Stored records:
=== Section Start ===

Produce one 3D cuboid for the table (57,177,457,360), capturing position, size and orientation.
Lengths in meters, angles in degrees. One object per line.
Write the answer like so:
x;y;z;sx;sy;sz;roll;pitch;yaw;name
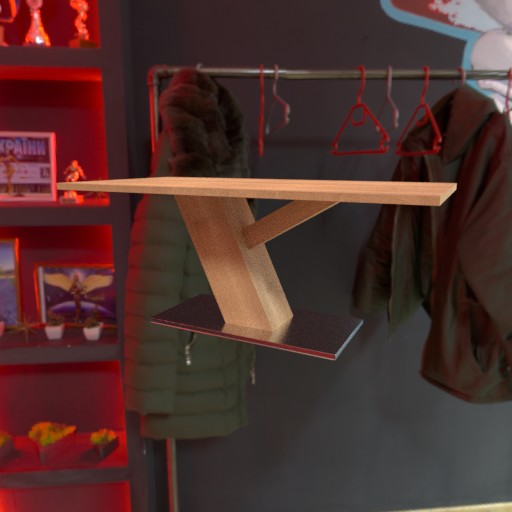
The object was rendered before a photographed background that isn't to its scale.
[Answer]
0.000;0.000;2.308;1.800;0.750;0.900;6;14;26;table
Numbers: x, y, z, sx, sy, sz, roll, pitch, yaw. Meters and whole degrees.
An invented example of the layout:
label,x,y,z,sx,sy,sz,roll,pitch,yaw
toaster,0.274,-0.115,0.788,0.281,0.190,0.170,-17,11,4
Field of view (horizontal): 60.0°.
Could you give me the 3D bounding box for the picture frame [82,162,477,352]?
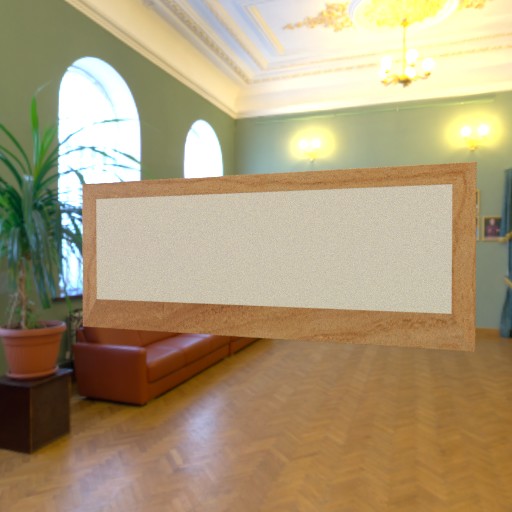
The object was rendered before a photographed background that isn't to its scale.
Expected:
label,x,y,z,sx,sy,sz,roll,pitch,yaw
picture frame,0.000,0.000,0.656,0.582,0.234,0.045,0,1,18
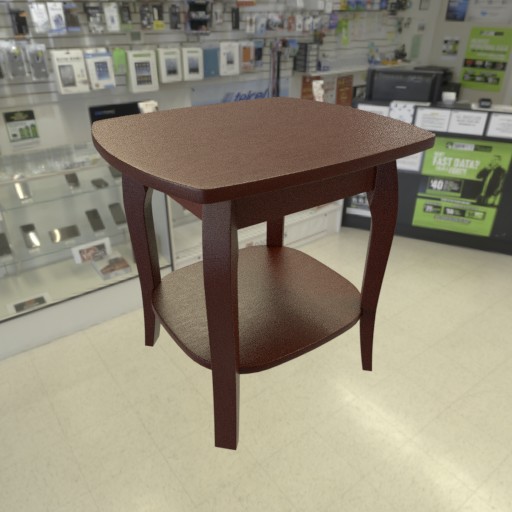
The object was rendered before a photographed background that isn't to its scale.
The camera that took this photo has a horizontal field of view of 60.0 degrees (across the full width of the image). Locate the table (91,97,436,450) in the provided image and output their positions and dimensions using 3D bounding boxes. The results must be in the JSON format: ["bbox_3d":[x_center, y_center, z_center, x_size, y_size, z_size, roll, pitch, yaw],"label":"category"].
[{"bbox_3d":[0.000,0.000,0.865,0.502,0.496,0.433,-19,35,-29],"label":"table"}]
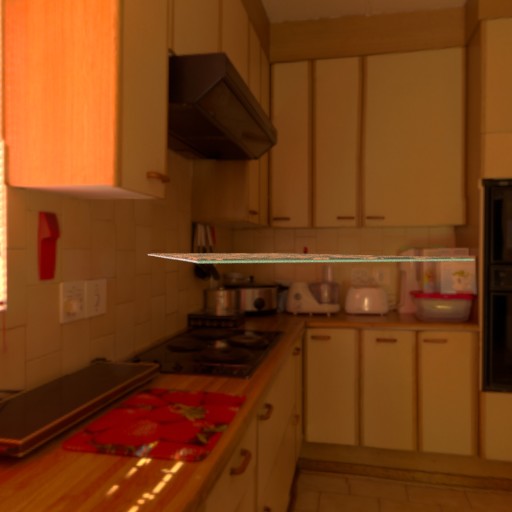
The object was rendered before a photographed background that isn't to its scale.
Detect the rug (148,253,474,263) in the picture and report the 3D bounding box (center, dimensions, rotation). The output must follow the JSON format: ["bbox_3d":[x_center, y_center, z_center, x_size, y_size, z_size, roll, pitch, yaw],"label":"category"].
[{"bbox_3d":[0.000,0.000,1.446,0.604,0.007,1.219,0,1,-18],"label":"rug"}]
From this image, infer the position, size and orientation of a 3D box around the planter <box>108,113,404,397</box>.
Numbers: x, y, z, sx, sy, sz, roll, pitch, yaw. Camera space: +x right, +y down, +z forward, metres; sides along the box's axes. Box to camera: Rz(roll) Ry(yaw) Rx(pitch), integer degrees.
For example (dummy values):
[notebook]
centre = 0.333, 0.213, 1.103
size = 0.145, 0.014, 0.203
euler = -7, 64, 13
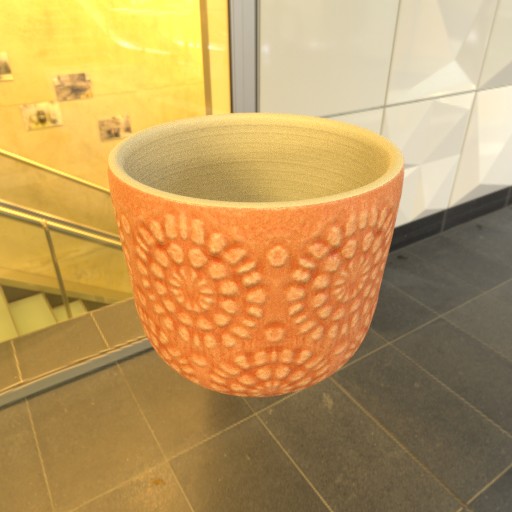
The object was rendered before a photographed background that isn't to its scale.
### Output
[planter]
centre = 0.000, 0.000, 0.217
size = 0.124, 0.109, 0.124
euler = 0, 31, 0
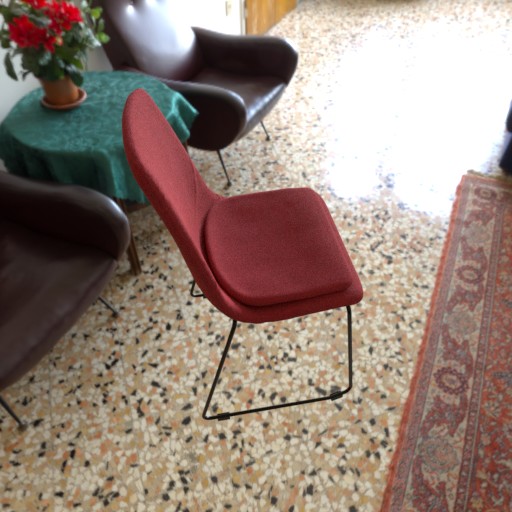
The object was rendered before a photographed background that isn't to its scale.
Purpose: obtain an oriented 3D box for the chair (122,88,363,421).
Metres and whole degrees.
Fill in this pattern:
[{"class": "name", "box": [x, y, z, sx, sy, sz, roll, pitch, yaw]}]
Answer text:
[{"class": "chair", "box": [0.000, 0.000, 1.174, 0.518, 0.858, 0.479, -7, 47, -7]}]
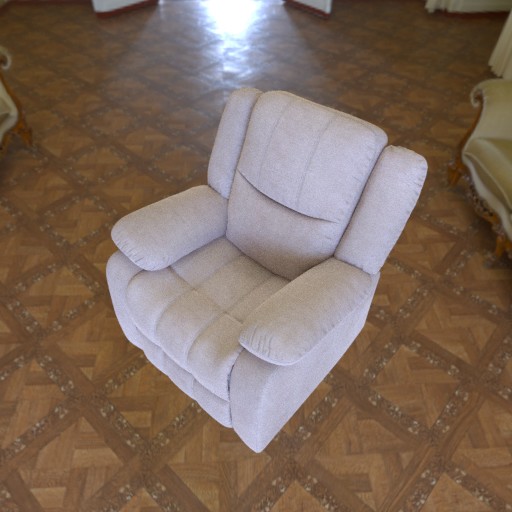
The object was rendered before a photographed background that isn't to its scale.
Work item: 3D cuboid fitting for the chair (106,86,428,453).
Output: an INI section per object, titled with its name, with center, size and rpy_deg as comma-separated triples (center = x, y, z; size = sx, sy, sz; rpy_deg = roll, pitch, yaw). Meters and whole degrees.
[chair]
center = 0.000, 0.000, 1.741
size = 0.899, 1.008, 0.944
rpy_deg = 32, 53, 28
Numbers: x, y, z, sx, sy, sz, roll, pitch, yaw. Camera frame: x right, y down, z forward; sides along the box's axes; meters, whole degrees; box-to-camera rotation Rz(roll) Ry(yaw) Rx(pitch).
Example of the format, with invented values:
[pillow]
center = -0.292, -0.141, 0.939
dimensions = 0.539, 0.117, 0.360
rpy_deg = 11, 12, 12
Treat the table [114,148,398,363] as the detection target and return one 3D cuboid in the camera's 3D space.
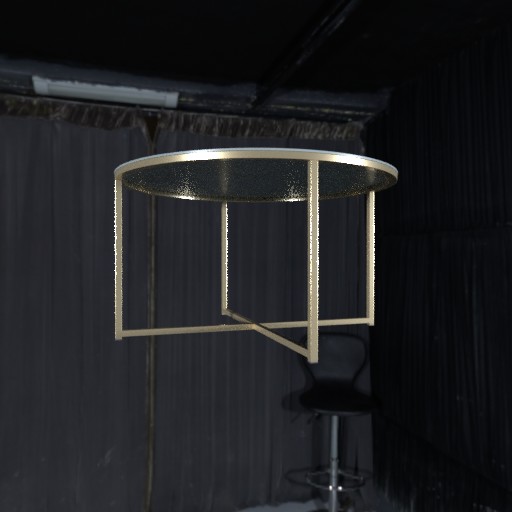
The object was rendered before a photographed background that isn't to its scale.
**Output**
[table]
center = 0.000, 0.000, 1.314
dimensions = 0.800, 0.450, 0.800
rpy_deg = 0, 0, 0
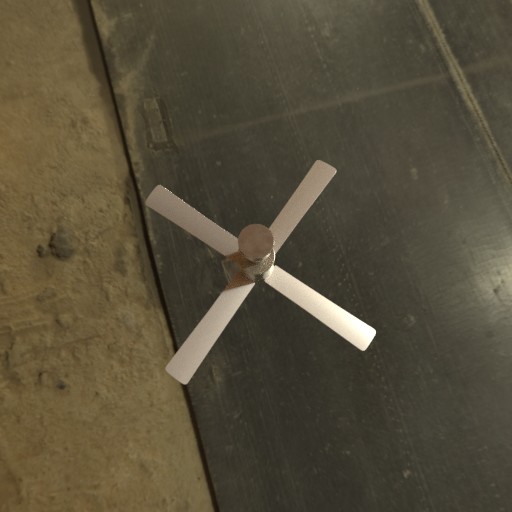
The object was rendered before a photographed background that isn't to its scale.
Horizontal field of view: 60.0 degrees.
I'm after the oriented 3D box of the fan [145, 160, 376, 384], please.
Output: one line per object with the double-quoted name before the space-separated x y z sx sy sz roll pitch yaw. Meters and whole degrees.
"fan" 0.000 0.000 2.357 1.525 0.539 1.525 34 78 9

=== Section End ===

Action item: Look above for the line with "The camera that" and copy exactly from it through the line with "From this image, infer", both included. Omit the pictures.

Response:
The camera that took this photo has a horizontal field of view of 60.0 degrees (across the full width of the image). Locate the table (91,97,436,450) in the provided image and output their positions and dimensions using 3D bounding boxes. The results must be in the JSON format: ["bbox_3d":[x_center, y_center, z_center, x_size, y_size, z_size, roll, pitch, yaw],"label":"category"].
[{"bbox_3d":[0.000,0.000,0.865,0.502,0.496,0.433,-19,35,-29],"label":"table"}]
The object was rendered before a photographed background that isn't to its scale.
Detect the rug (148,253,474,263) in the picture and report the 3D bounding box (center, dimensions, rotation). The output must follow the JSON format: ["bbox_3d":[x_center, y_center, z_center, x_size, y_size, z_size, roll, pitch, yaw],"label":"category"].
[{"bbox_3d":[0.000,0.000,1.446,0.604,0.007,1.219,0,1,-18],"label":"rug"}]
From this image, infer the position, size and orientation of a 3D box around the planter <box>108,113,404,397</box>.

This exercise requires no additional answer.